BEGIN

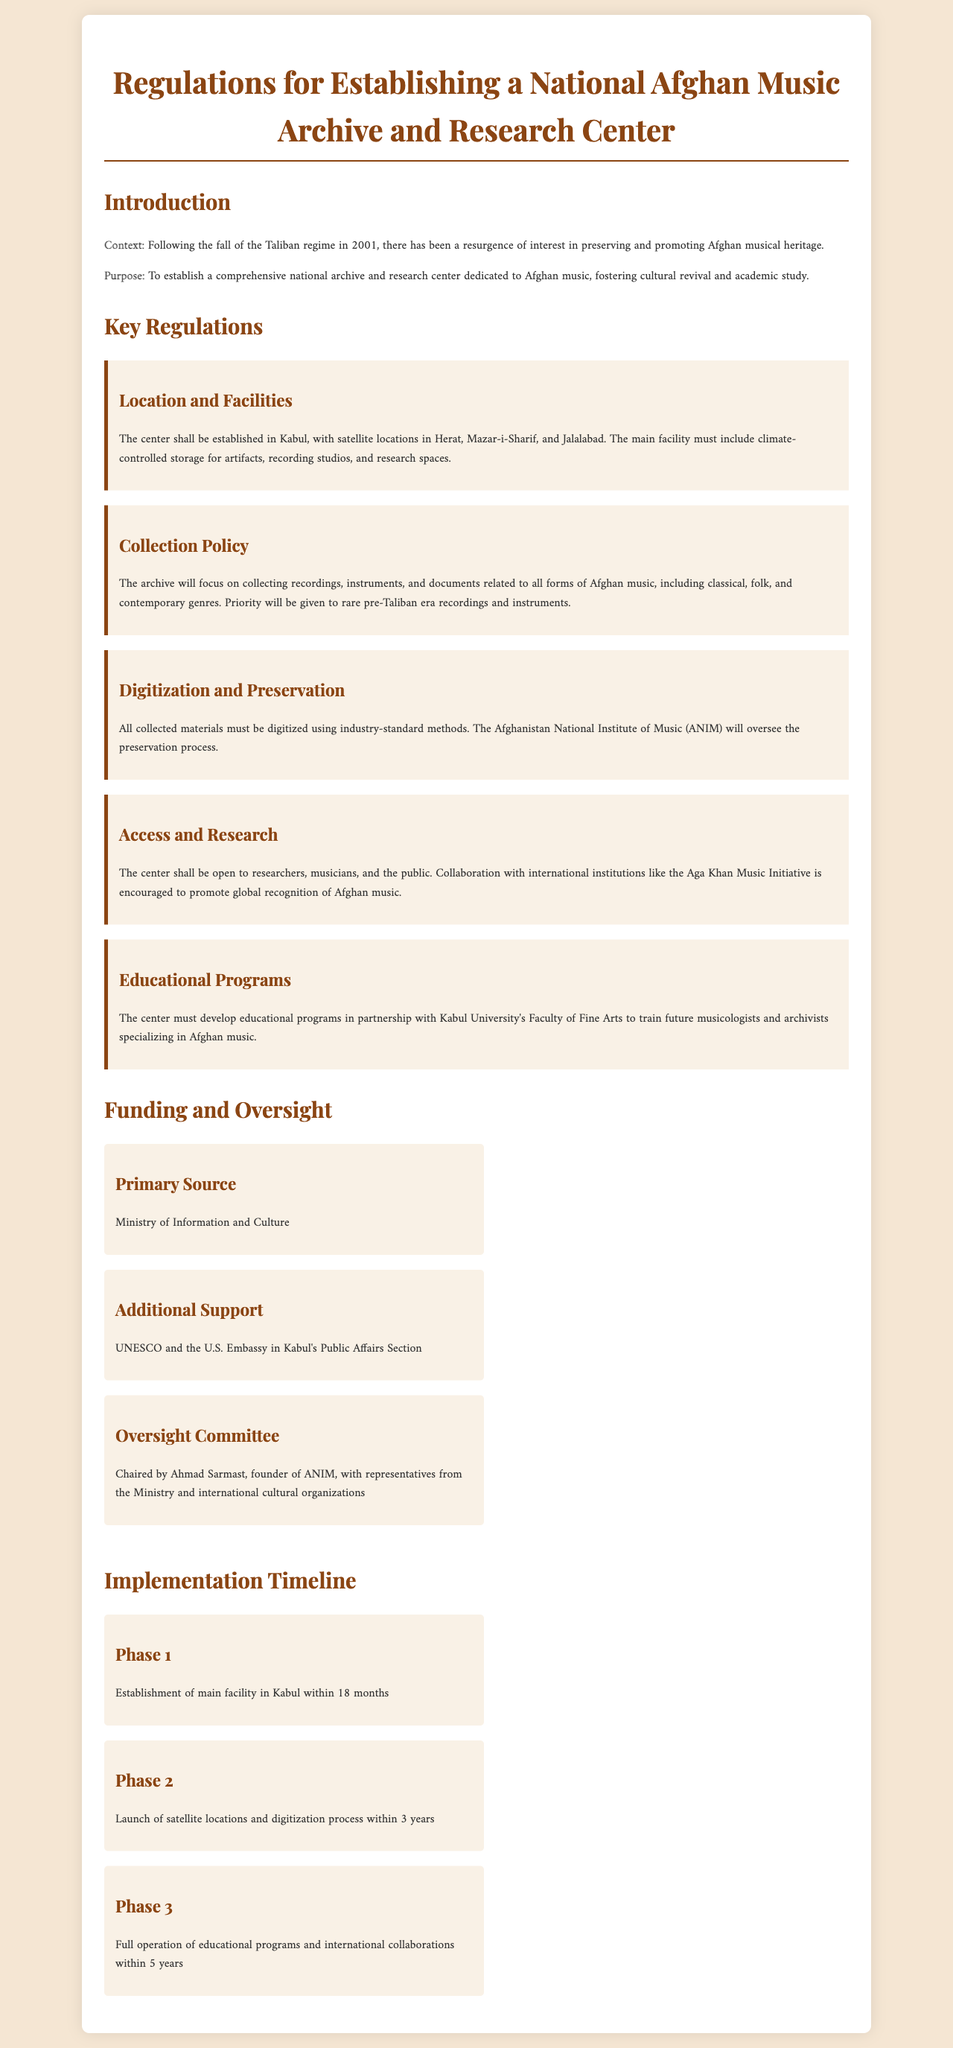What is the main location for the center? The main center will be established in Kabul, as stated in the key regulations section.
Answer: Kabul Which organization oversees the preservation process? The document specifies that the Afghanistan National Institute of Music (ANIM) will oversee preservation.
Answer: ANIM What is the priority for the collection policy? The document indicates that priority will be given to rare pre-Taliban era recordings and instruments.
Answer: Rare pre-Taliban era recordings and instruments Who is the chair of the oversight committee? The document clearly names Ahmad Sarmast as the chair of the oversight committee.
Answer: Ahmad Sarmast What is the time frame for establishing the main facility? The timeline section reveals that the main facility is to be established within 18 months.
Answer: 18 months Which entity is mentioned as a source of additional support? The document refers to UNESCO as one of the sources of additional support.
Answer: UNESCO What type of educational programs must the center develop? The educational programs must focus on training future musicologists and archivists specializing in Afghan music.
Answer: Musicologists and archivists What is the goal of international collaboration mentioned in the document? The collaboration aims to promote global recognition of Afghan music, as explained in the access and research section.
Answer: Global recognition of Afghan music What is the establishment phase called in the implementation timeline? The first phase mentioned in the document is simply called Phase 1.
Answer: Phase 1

END

Directions for this task:
Please output all the data exactly as given, with the pictures omitted.

Exercise answer:
What is the main location for the center? The main center will be established in Kabul, as stated in the key regulations section.
Answer: Kabul Which organization oversees the preservation process? The document specifies that the Afghanistan National Institute of Music (ANIM) will oversee preservation.
Answer: ANIM What is the priority for the collection policy? The document indicates that priority will be given to rare pre-Taliban era recordings and instruments.
Answer: Rare pre-Taliban era recordings and instruments Who is the chair of the oversight committee? The document clearly names Ahmad Sarmast as the chair of the oversight committee.
Answer: Ahmad Sarmast What is the time frame for establishing the main facility? The timeline section reveals that the main facility is to be established within 18 months.
Answer: 18 months Which entity is mentioned as a source of additional support? The document refers to UNESCO as one of the sources of additional support.
Answer: UNESCO What type of educational programs must the center develop? The educational programs must focus on training future musicologists and archivists specializing in Afghan music.
Answer: Musicologists and archivists What is the goal of international collaboration mentioned in the document? The collaboration aims to promote global recognition of Afghan music, as explained in the access and research section.
Answer: Global recognition of Afghan music What is the establishment phase called in the implementation timeline? The first phase mentioned in the document is simply called Phase 1.
Answer: Phase 1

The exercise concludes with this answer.